Journal Writing Project – Nuclear Fusion: Powering a Brighter Future

By Isaac Vick

Nuclear fusion, the process that powers the sun, has long been hailed as a promising energy source due to its potential to produce clean and abundant energy without emitting greenhouse gases or producing long-term radioactive waste. However, achieving fusion reactions that release more energy than is initially invested has proven to be an elusive goal, requiring meticulous scientific artistry, vast technological innovation, and many long hours.

In December 2022, a significant breakthrough in fusion research was achieved at Lawrence Livermore National Laboratory (LLNL) in California. Researchers successfully created fusion reactions that produced an excess of energy for the first time. This monumental breakthrough has been dubbed “ignition.” This great accomplishment, decades in the making, involved precisely coordinating 192 lasers to blast a small chamber, triggering fusion reactions that released more energy than was initially inputted.

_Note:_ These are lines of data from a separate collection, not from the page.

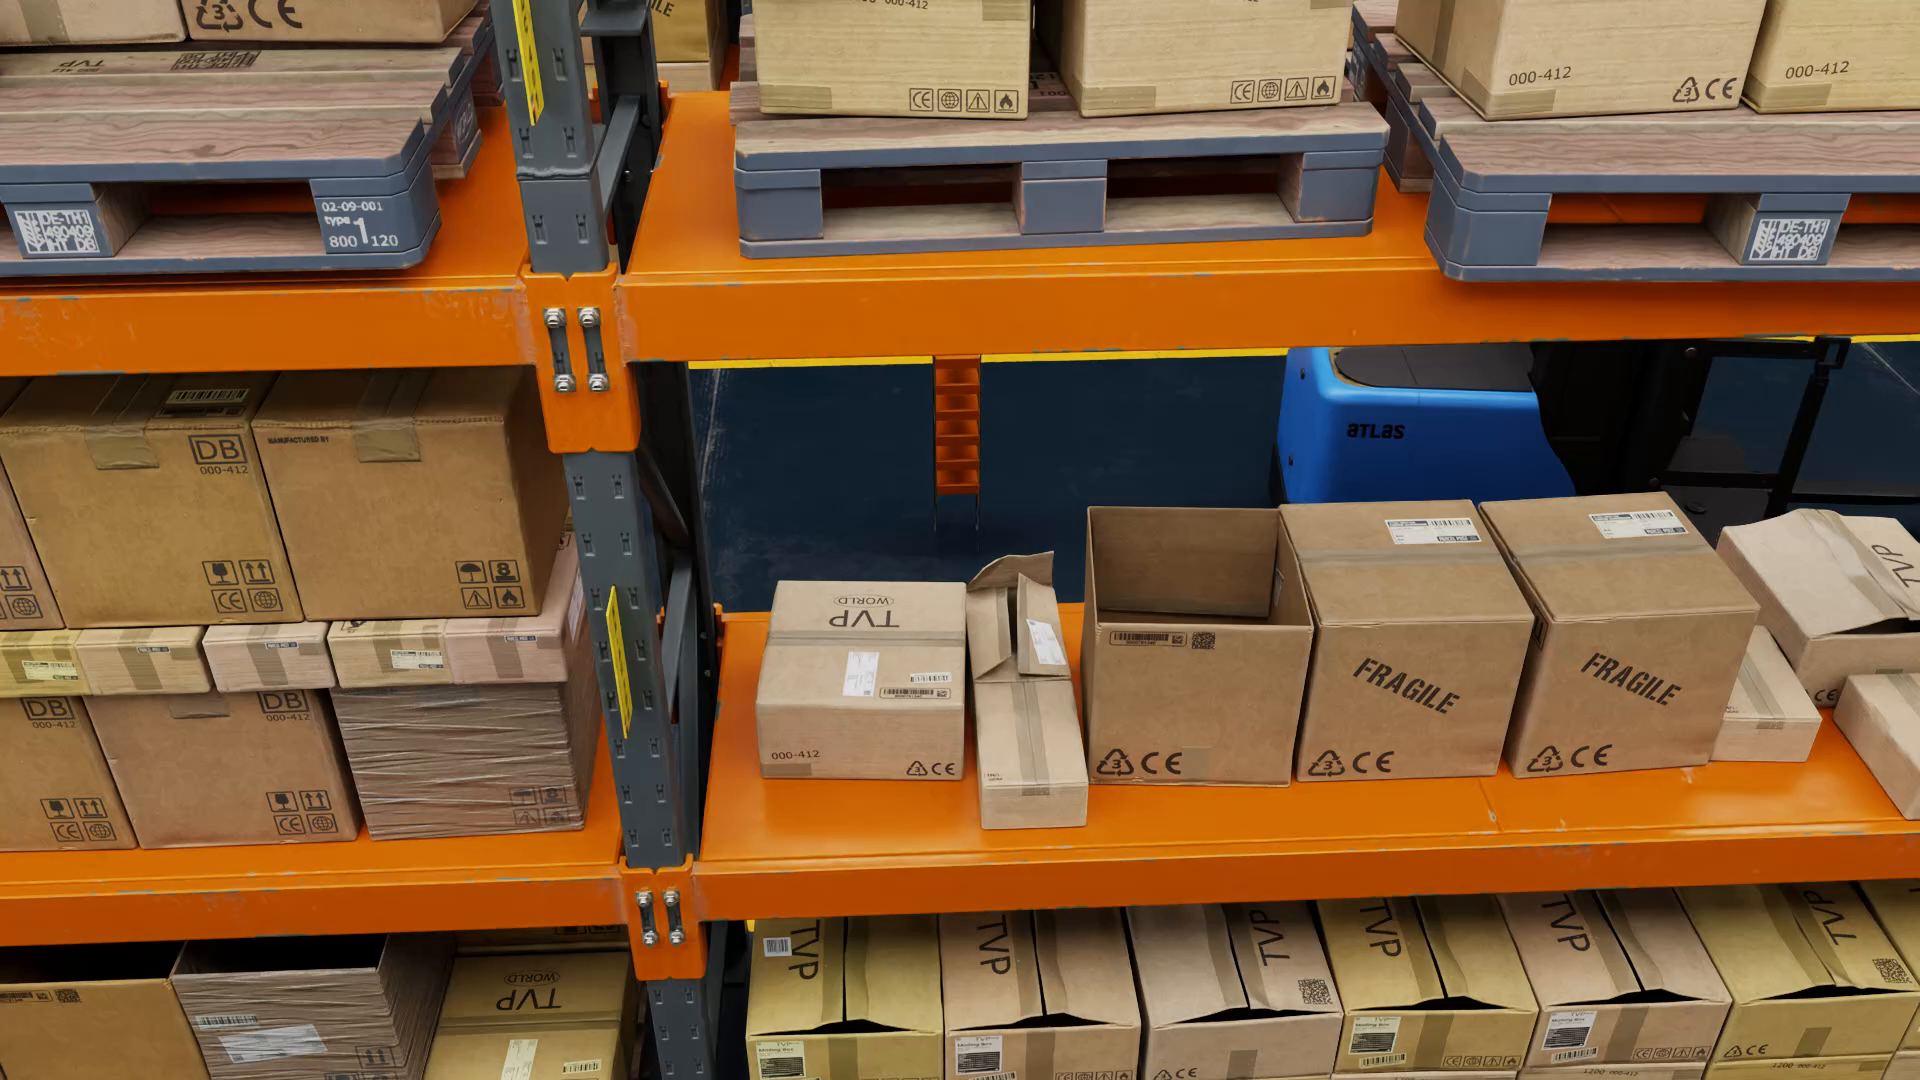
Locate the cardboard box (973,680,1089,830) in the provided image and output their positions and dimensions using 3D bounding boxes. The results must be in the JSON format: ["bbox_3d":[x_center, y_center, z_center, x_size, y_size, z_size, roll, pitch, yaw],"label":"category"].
[{"bbox_3d":[0.168,0.522,4.080,0.250,0.149,0.380,-2,35,-2],"label":"cardboard box"}]

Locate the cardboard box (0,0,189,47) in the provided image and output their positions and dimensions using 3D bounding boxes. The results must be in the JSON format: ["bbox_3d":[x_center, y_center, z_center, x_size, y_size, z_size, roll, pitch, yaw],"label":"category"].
[{"bbox_3d":[-1.782,-1.222,3.330,0.500,0.311,0.500,-3,35,-5],"label":"cardboard box"}]

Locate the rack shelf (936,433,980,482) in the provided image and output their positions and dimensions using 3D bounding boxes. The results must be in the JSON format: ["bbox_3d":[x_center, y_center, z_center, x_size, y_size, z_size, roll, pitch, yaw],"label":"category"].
[{"bbox_3d":[-0.014,-0.358,7.002,0.180,0.103,0.258,-2,35,-2],"label":"rack shelf"}]

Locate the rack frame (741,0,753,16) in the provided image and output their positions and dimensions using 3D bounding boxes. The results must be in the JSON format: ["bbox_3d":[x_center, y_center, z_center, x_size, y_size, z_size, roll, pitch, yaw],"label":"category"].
[{"bbox_3d":[-0.965,-2.489,8.210,0.127,3.000,1.000,-2,35,-2],"label":"rack frame"}]

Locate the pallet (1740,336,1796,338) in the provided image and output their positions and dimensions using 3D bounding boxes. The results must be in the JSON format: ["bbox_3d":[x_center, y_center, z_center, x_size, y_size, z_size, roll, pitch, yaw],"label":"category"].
[{"bbox_3d":[3.821,-1.428,9.129,1.213,0.211,1.003,-2,35,-2],"label":"pallet"}]

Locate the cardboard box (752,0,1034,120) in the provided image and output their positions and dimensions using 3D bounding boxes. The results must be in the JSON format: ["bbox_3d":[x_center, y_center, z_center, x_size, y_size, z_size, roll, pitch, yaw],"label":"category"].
[{"bbox_3d":[-0.111,-1.029,3.228,0.500,0.250,0.500,2,35,3],"label":"cardboard box"}]

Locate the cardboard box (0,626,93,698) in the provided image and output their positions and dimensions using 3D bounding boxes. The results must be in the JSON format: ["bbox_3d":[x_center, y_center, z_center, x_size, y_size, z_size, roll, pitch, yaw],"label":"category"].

The intricate details of this groundbreaking experiment were revealed in five peer-reviewed papers published online in February 2023. These papers highlighted the extraordinary level of finesse and precision required to optimize conditions for fusion and maximize energy output from the lasers.

Physicist Peter Norreys of the University of Oxford described likening it to conducting a world-class orchestra, where every element of the experiment had to be meticulously coordinated and precisely timed, resulting in a beautifully crafted outcome. Norreys is very excited to see what may come of this technology in the future, hoping it may become, with time, one the greatest and most important scientific breakthrough since the discovery of fire.

To achieve ignition, extreme pressures and temperatures are necessary. The lasers at LLNL’s National Ignition Facility targeted a hollow cylinder called a hohlraum, heating it to a scorching three million degrees Celsius and generating X-rays. Within this X-ray oven, a diamond capsule containing deuterium and tritium fuel underwent implosion, reaching the hot, dense conditions required for fusion.

Previous experiments had come close to ignition, but subtle adjustments were needed to push further. Researchers increased the energy of the laser pulse and thickened the capsule’s diamond shell, altering the implosion’s symmetry. However, these adjustments necessitated further refinements to ensure uniform implosion.

Physicist Annie Kritcher and her colleagues tackled this challenge by precisely altering the wavelengths of the laser beams to compensate for plasma’s disruptive effects within the hohlraum. These meticulous adjustments resulted in fusion reactions that yielded 1.5 times the input energy, marking a significant step forward in achieving ignition.

Despite these advancements, practical fusion power generation remains a distant goal. While subsequent experiments in July 2023 achieved even larger energy gains, fusion still requires massive energy inputs compared to the energy output. However, ongoing research aims to further increase laser energy and optimize fusion conditions to eventually achieve practical fusion power generation.

Additionally, the experiments uncovered a long-predicted heating effect that mimics phenomena observed in exploding stars like supernovas. This discovery could provide insights into extreme environments and phenomena beyond fusion research, such as nuclear weapons physics.

While LLNL’s National Ignition Facility is a prominent player in fusion research, other approaches, such as tokamak confinement, are also making strides. The recent record-breaking fusion energy production at the Joint European Torus highlights the global efforts to advance fusion technology and bring the dream of clean, limitless energy closer to reality.

After decades of incremental progress, scientists are finally beginning to synchronize their “atomic orchestras,” paving the way for a future powered by fusion energy. These technological advancements hope to be applied to many fields, from transportation, in cars or even spacecraft; to consumer energy, producing clean energy for the world to consume; or even electronics, making it so you may never have to charge your phone again.

Isaac Vick is a student at Spring Grove High School, and one of 13 area students participating in the Journal Writing Project, now in its 25th year.